If your mount has PEC, read the manual and turn it on! Some argue that autoguiding and PEC should not be used together. They might have a point, but you'll have to experiment on your mount.
As a small aside on Meade LXD55 mounts, a lot of users are experiencing problems with PEC - Autostar PEC is introducing a lot of long term drift and screwing up the tracking speed. I am one of these users, and I have not found a solution yet, so I do not use PEC.
Put the telescope on rails and make it travel west at sufficient speed to counteract the earth's rotation. NB need a big garden. No, no, stop that. That's silly.
Let us review the whole point of guiding or autoguiding your telescope. The goal of your mount is to keep the scope pointing at the same point in the sky as it rotates around us. However, due to mechanical and electrical inadequacies, it cannot do this.
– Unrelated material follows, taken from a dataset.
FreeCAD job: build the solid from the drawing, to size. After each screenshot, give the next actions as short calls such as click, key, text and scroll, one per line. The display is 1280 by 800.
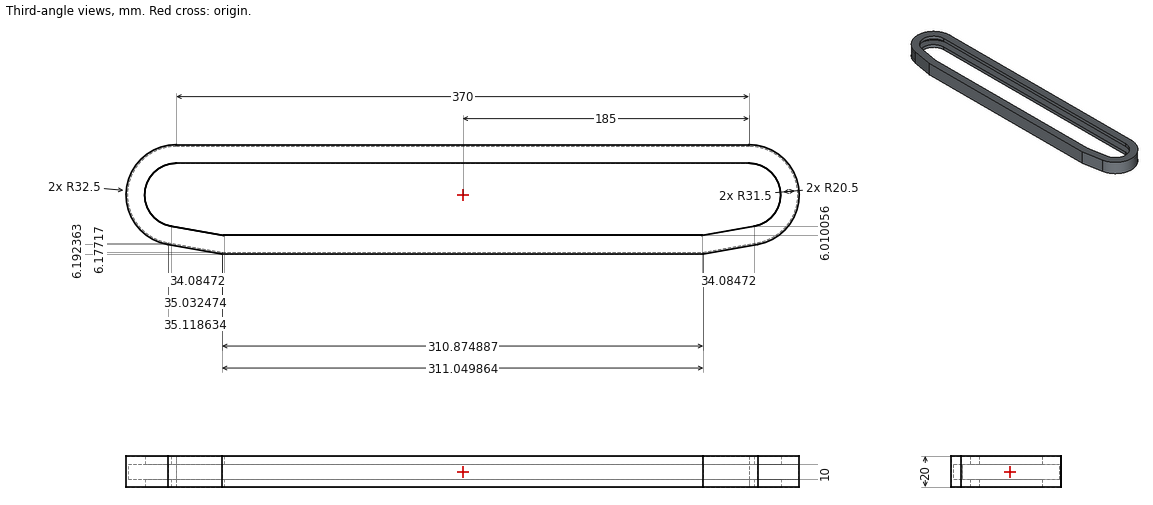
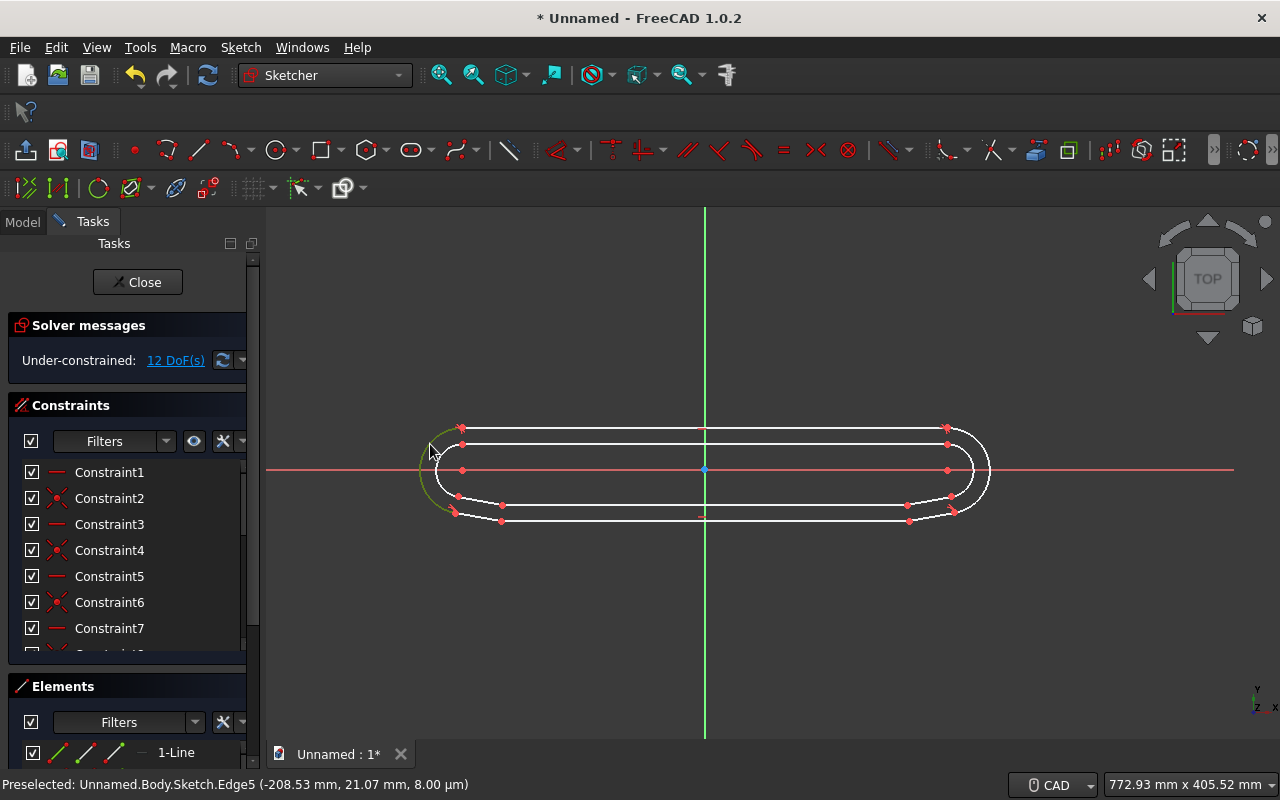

Therefore we use guiding or autoguiding to make small adjustments to the mount to correct these errors.
In the good old days, this was done by watching a star in a reticule eyepiece and manually making the adjustments. Although very purist, this is very hard work. Many exposures have been ruined by the astronomer adding extra vibration to the mount as they fell asleep! Manual guiding is therefore not used much these days. We have the technology to autoguide.
Autoguiding simply means using some clever bits of technology to detect tracking errors and send corrective adjustments to the mount. This will hopefully remove dec drift and RA Periodic error problems.
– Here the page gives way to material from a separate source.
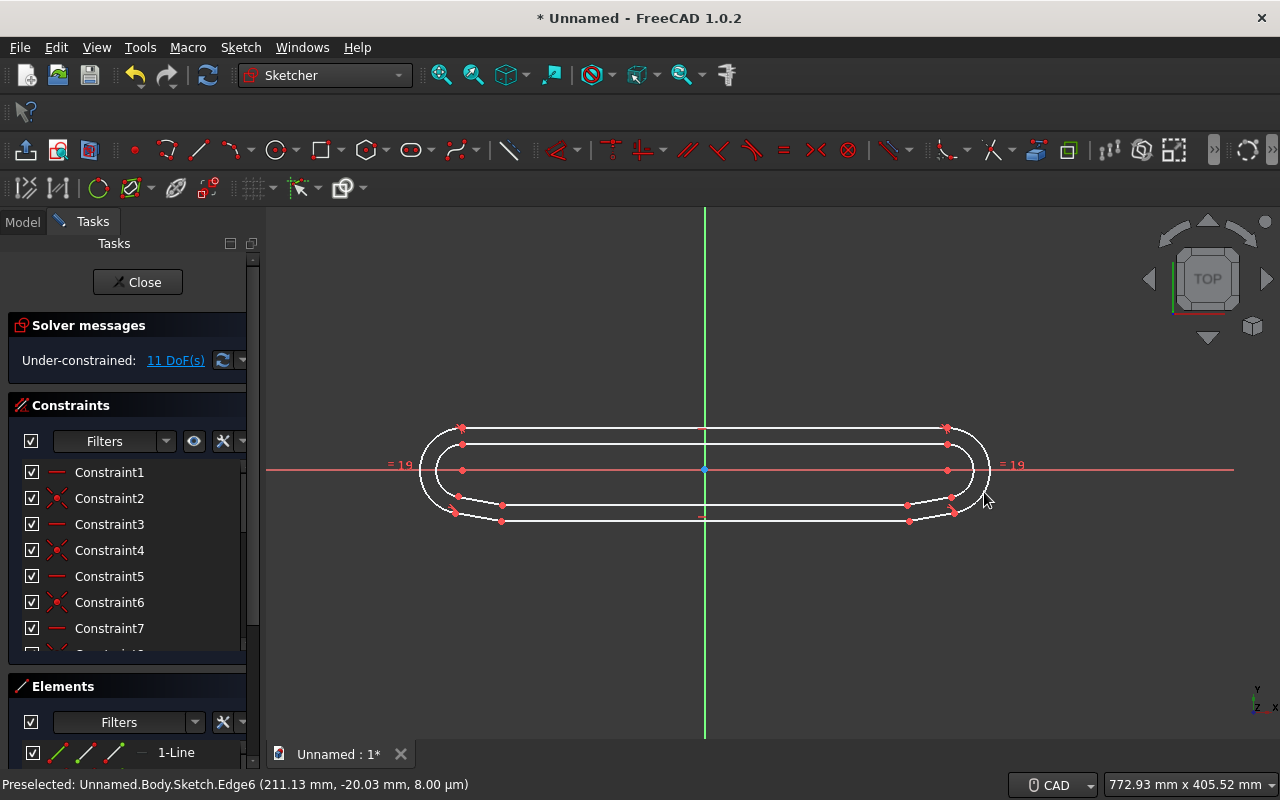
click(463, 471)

Which bits of technology? Putting aside the ultra-fast guiding capabilities of adaptive optics systems and restricting ourselves to technology that makes corrections via the mount, we are left with needing two critical components. We need a detector, and a star image.
The detector, unsurprisingly, monitors the light from star, detects the errors, calculates the correction required, and sends it to the mount. Broadly speaking, there are two ways of doing this.
The star image is obtained in one of two ways:
Webcam Autoguiding can be setup by using an off axis guider or a guidescope. The principle drawback of an off axis guider is locating a suitable guidestar. The main limitations of a guidescope are usually mechanical - flexure and alignment. I use a guidescope. This image shows some slight flexing between the guidescope and the imaging scope. Usually manifests itself as a drift in the imaging camera in some other direction that up/down or sideways.
My full imaging and guiding setup can be seen here
Your guidescope does not have to be an expensive apochromatic masterpiece. A humble refractor will do. My 80mm/400mm F5 Skywatcher refractor cost about £100. You can always make a short refractor longer with barlows. Barlows are much lighter than telescope tube inches.
A word or two about suitable cameras. A standard Toucam with a CCD sensor and an appropriate adapter will work fine. The disadvantage is the limited number of guidestars available due to the short exposures in a standard Tocuam. Much better is an SC1 long exposure modified Toucam. An exposure of perhaps one second will introduce many more suitable guidestars. The best webcam for this work is one that has had the colour CCD sensor replaced by a same sized black and white sensor. This increases the available guidestars and the resolution by roughly a factor of three. Once of the best things I ever did to improve my guiding was putting the black and white ICX098BL ccd chip into my guide camera. SC3 modified webcams can also be used - although they have slightly less resolution due to the larger pixel size of the ICX424 CCD sensor. It is also useful to cool the CCD sensor, perhaps with a fan. This helps give a better signal to noise ratio, and makes the job of the guiding software easier.
Read my summary of the various webcam mods out there.
One other factor to bear in mind is declination. Stars at the celestial equator move across your field of view much faster than those nearer the poles. Therefore the magnitude of the RA corrections for a certain error needs to diminish relative to the declination. This is why most guiding software features some kind of "aggressiveness" setting.